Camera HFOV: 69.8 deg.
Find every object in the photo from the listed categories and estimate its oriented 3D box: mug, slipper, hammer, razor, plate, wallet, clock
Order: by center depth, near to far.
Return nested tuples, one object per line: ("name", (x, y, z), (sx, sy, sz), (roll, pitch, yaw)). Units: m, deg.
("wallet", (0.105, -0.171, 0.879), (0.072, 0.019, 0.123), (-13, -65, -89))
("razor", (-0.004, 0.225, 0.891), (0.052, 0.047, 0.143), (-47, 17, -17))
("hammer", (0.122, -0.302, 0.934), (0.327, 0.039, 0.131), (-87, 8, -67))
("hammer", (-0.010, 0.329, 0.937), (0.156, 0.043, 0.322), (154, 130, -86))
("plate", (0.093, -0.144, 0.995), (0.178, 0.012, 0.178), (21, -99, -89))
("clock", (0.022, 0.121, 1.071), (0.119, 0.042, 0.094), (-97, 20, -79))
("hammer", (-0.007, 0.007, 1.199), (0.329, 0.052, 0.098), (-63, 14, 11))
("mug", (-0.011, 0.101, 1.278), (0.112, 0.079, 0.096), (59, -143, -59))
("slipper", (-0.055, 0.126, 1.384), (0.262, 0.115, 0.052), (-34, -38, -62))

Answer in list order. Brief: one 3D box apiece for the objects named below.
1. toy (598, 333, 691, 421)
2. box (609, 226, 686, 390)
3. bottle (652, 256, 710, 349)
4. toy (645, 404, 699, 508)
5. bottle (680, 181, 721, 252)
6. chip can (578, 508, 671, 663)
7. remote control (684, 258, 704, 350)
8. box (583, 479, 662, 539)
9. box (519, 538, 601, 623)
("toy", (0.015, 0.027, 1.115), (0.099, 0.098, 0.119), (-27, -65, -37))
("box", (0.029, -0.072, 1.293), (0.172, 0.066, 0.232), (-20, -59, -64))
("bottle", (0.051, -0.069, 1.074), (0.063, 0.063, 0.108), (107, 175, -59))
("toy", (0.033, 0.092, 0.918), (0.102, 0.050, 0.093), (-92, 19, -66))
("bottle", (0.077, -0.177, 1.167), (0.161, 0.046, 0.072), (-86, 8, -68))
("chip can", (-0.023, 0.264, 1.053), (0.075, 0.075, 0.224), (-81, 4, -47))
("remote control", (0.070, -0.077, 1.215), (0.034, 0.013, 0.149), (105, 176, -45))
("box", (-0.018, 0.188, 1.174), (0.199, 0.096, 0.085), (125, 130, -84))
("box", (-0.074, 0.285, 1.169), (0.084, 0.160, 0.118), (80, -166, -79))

━━━━━━━━

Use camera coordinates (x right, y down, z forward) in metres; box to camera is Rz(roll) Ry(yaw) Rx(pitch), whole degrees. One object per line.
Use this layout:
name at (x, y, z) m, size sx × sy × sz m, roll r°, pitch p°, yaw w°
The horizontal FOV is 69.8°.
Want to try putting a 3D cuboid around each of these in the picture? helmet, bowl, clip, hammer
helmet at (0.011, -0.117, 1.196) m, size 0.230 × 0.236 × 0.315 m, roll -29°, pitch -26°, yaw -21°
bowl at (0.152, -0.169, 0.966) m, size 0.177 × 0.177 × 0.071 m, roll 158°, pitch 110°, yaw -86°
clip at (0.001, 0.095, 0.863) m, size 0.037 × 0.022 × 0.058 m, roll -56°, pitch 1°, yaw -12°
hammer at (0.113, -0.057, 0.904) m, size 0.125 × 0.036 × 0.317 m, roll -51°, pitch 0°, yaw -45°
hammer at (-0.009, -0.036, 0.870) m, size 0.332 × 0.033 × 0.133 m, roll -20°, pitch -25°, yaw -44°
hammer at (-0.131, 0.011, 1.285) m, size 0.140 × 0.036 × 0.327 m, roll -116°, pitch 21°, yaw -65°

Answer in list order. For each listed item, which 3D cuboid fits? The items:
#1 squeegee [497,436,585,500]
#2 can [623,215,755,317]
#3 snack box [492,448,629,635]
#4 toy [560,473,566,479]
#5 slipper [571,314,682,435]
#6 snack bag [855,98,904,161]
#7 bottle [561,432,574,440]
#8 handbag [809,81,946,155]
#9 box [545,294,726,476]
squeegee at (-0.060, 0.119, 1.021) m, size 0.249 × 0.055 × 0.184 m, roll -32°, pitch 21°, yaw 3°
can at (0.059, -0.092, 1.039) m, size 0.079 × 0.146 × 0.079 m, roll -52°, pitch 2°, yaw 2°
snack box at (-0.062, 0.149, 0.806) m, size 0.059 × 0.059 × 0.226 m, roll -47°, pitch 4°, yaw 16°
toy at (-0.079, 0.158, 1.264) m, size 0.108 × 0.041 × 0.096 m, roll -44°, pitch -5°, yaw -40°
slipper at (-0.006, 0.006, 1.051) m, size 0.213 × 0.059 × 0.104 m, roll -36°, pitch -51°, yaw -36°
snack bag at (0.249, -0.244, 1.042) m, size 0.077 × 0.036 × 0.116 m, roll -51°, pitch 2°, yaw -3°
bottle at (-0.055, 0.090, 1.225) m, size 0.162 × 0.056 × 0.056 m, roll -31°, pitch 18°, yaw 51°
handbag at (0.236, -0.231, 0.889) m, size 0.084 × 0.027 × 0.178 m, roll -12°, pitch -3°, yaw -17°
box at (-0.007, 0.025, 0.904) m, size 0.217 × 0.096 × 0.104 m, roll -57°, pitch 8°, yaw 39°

━━━━━━━━

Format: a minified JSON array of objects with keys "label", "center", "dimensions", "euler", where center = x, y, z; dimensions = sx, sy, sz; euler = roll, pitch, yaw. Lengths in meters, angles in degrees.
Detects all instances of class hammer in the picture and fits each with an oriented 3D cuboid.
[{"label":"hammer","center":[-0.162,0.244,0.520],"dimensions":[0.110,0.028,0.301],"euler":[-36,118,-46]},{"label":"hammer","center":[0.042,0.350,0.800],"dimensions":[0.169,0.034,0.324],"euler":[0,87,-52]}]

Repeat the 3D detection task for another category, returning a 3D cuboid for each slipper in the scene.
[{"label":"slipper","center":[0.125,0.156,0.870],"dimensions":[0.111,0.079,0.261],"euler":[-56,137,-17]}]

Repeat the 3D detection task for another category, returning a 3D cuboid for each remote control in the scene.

━━━━━━━━

### Exercise objective
Filter the entries above and copy only the lines that hold "objects".

### Exercise answer
Answer in list order. Brief: one 3D box apiece for the objects named below.
Format: a minified JSON array of objects with keys "label", "center", "dimensions", "euler", where center = x, y, z; dimensions = sx, sy, sz; euler = roll, pitch, yaw. Lengths in meters, angles in degrees.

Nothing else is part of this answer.